The thickness of an iron thermal shield that would reduce the given gamma radiation flux by 90% is approximately 3.3 inches. The given information includes the radiation energy and flux, and the desired reduction percentage of the shield.

a) To calculate the thickness of the iron thermal shield that would reduce the gamma radiation flux by 90%, we need to use the Beer-Lambert law:

I = I0 * e^(-μx)

where:

I0 is the initial radiation intensity

I is the radiation intensity after passing through a thickness x of shielding material

μ is the linear attenuation coefficient of the shielding material

We want to find x, the thickness of the iron shield. We know the initial radiation intensity I0 = (5.0 MeV/photon) * (1.6 x 10⁻¹³ J/MeV) * (1014 photons/cm²-sec) = 8.0 x 10⁻⁷ J/cm²-sec. We also know that we want to reduce the intensity by a factor of 10, so I = 0.1 I0. We can rearrange the Beer-Lambert law to solve for x:

x = -ln(I/I0) / μ

x = -ln(0.1) / (7.5 ft⁻¹ * 0.3048 m/ft) = 0.145 m = 5.7 inches

Therefore, the thickness of the iron thermal shield that would reduce the gamma radiation flux by 90% is 5.7 inches.
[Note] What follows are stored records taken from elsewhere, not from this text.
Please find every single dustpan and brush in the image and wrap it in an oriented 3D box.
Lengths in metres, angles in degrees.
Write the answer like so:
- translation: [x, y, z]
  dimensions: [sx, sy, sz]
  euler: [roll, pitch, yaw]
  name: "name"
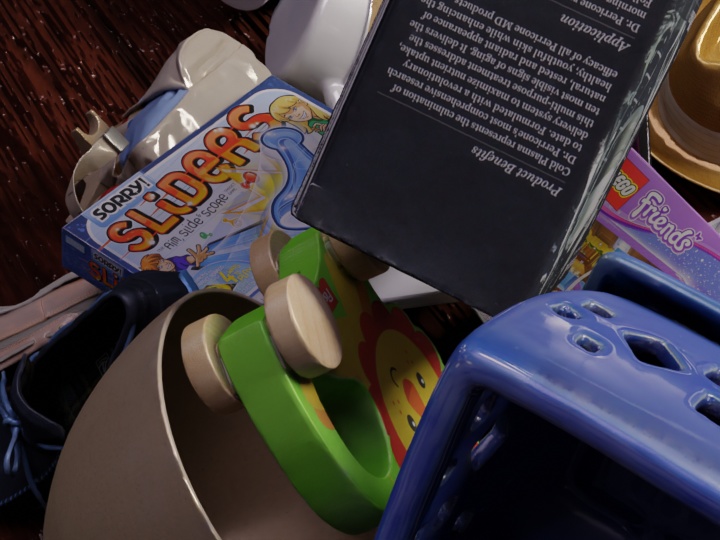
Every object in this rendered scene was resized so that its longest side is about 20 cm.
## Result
- translation: [-0.024, -0.146, 1.082]
  dimensions: [0.057, 0.140, 0.200]
  euler: [22, 47, -18]
  name: "dustpan and brush"

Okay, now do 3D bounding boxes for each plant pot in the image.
- translation: [-0.083, 0.128, 0.780]
  dimensions: [0.134, 0.200, 0.200]
  euler: [-32, 40, 22]
  name: "plant pot"
- translation: [0.131, 0.118, 0.681]
  dimensions: [0.200, 0.200, 0.180]
  euler: [30, 34, 16]
  name: "plant pot"

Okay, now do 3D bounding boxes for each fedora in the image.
- translation: [0.268, -0.140, 0.998]
  dimensions: [0.200, 0.082, 0.201]
  euler: [-3, 60, 5]
  name: "fedora"

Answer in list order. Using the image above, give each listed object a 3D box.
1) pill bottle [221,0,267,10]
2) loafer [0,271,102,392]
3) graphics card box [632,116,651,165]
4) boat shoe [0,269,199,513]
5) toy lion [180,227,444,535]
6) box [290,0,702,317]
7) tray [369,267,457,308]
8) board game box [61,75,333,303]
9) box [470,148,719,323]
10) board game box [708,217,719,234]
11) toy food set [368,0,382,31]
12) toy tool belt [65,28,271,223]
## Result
- translation: [-0.047, -0.293, 1.227]
  dimensions: [0.111, 0.111, 0.200]
  euler: [19, 52, 28]
  name: "pill bottle"
- translation: [-0.190, 0.047, 0.959]
  dimensions: [0.200, 0.072, 0.063]
  euler: [-16, 61, 7]
  name: "loafer"
- translation: [0.113, -0.101, 0.936]
  dimensions: [0.125, 0.200, 0.051]
  euler: [5, 51, 16]
  name: "graphics card box"
- translation: [-0.170, 0.063, 0.853]
  dimensions: [0.084, 0.200, 0.069]
  euler: [50, 26, 23]
  name: "boat shoe"
- translation: [0.005, 0.070, 0.789]
  dimensions: [0.069, 0.192, 0.200]
  euler: [-26, 12, 20]
  name: "toy lion"
- translation: [0.080, -0.097, 0.753]
  dimensions: [0.124, 0.197, 0.200]
  euler: [28, 13, 10]
  name: "box"
- translation: [0.000, 0.000, 0.959]
  dimensions: [0.200, 0.022, 0.107]
  euler: [-8, 32, 19]
  name: "tray"
- translation: [-0.064, -0.033, 0.931]
  dimensions: [0.135, 0.034, 0.200]
  euler: [30, 48, 19]
  name: "board game box"
- translation: [0.163, 0.038, 0.860]
  dimensions: [0.137, 0.039, 0.200]
  euler: [-44, 46, 10]
  name: "box"
- translation: [0.245, 0.045, 0.878]
  dimensions: [0.126, 0.035, 0.200]
  euler: [-25, 46, -11]
  name: "board game box"
- translation: [0.086, -0.167, 1.117]
  dimensions: [0.198, 0.049, 0.200]
  euler: [7, 47, 19]
  name: "toy food set"
- translation: [-0.137, -0.064, 1.035]
  dimensions: [0.123, 0.125, 0.200]
  euler: [-28, 22, 50]
  name: "toy tool belt"
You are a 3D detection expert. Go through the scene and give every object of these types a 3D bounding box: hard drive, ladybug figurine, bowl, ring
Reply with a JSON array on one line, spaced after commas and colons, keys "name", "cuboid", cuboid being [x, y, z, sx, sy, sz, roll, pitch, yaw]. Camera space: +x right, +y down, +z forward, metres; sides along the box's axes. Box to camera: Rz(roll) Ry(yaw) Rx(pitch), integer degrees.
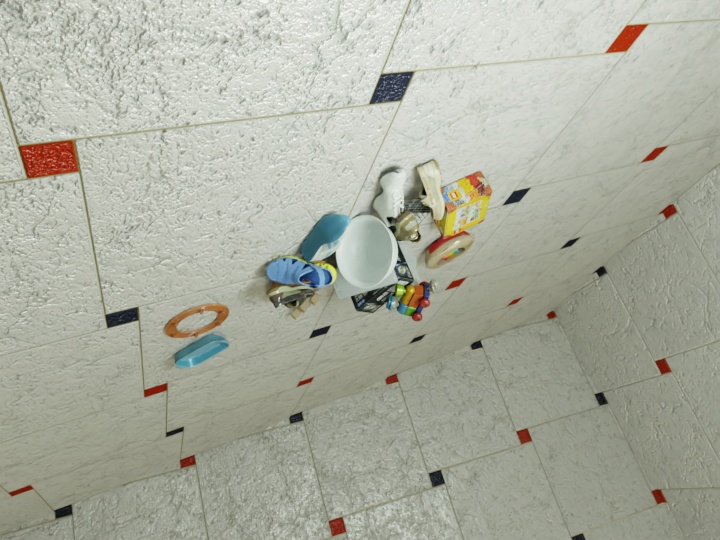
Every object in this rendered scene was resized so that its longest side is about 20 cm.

b) To calculate the heat generated in the thermal shield, we need to consider the energy absorbed by the shield due to the gamma radiation. The energy absorbed per unit area per unit time is given by:

Q = μ * I

where Q is the heat generated in J/cm²-sec, μ is the linear attenuation coefficient in cm⁻¹, and I is the initial radiation intensity in photons/cm²-sec. We can convert this to BTU/hr-ft² by using the conversion factor 3.1546 x 10⁻⁸ J/(BTU-hr-ft²):

Q = μ * I * 3.1546 x 10⁻⁸

Q = (7.5 ft⁻¹ * 0.3048 m/ft) * (1014 photons/cm²-sec) * 3.1546 x 10⁻⁸ J/(BTU-hr-ft²) = 0.720 BTU/hr-ft²

Therefore, the heat generated in the thermal shield is 0.720 BTU/hr-ft².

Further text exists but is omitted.